Extracted data entries
____________

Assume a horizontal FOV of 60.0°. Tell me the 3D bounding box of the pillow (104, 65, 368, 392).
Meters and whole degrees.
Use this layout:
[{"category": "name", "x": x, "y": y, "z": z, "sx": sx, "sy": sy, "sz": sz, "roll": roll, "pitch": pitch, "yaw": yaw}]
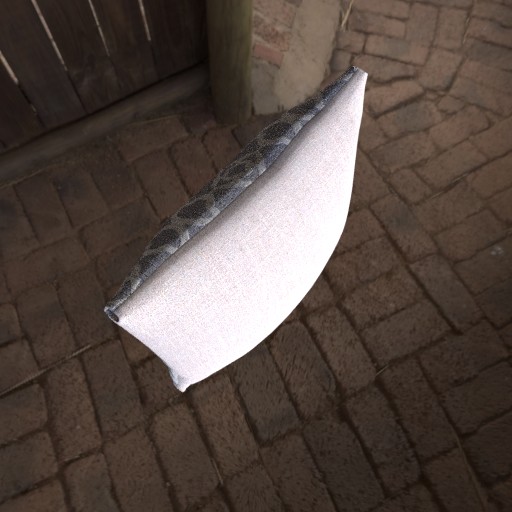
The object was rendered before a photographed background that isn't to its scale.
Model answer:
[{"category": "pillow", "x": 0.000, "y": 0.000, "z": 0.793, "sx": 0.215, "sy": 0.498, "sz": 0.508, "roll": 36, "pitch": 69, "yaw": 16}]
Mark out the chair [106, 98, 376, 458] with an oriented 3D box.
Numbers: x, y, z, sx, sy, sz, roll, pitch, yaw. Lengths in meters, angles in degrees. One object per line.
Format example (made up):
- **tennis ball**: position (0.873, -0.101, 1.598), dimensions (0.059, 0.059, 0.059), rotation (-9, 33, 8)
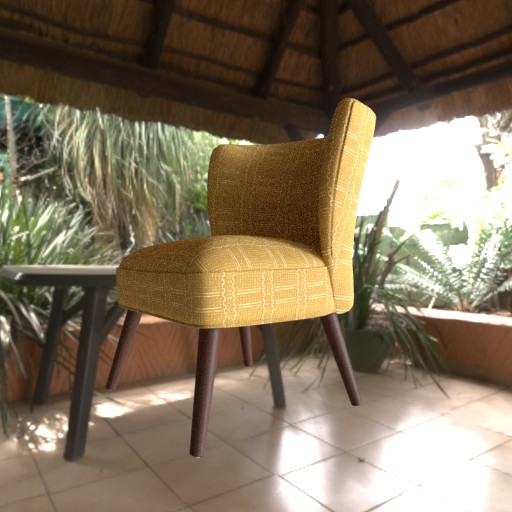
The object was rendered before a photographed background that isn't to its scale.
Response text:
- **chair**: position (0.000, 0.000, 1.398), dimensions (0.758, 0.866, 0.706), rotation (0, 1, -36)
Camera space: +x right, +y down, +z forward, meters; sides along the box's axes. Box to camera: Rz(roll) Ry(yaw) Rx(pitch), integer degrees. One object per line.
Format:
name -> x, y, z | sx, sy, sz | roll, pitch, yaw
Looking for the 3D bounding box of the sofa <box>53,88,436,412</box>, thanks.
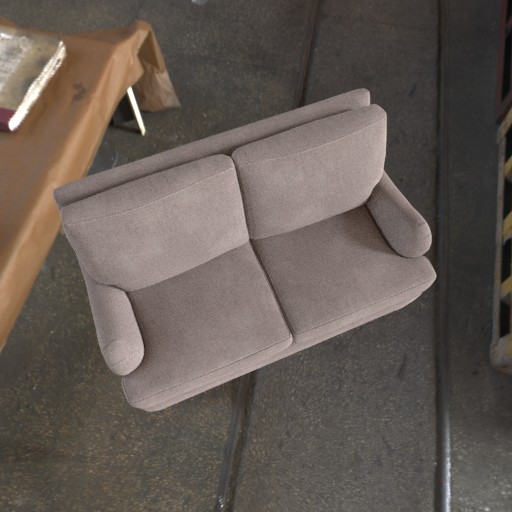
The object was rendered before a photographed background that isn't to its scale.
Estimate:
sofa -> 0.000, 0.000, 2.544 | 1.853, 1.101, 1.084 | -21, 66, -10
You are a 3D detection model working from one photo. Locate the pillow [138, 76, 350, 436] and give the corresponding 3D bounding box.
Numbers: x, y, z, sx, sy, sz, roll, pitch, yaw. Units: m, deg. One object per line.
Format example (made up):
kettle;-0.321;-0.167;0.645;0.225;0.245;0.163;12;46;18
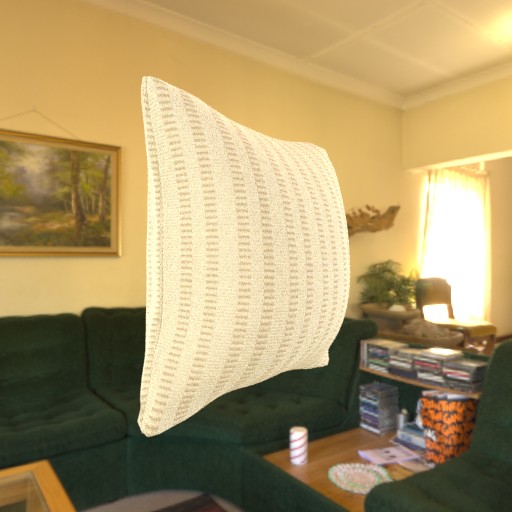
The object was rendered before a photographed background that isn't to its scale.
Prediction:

____________

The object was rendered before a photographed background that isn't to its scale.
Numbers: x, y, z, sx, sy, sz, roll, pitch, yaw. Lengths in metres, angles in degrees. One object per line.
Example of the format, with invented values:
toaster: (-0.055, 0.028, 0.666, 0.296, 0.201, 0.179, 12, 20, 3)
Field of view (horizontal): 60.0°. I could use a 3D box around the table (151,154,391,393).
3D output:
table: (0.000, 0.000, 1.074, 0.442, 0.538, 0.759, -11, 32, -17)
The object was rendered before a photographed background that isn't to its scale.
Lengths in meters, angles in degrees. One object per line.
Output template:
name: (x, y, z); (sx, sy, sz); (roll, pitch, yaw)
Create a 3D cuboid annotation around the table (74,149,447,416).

____________

Copy each line of the records that contains the word "around".

_Response area_
Field of view (horizontal): 60.0°. I could use a 3D box around the table (151,154,391,393).
Create a 3D cuboid annotation around the table (74,149,447,416).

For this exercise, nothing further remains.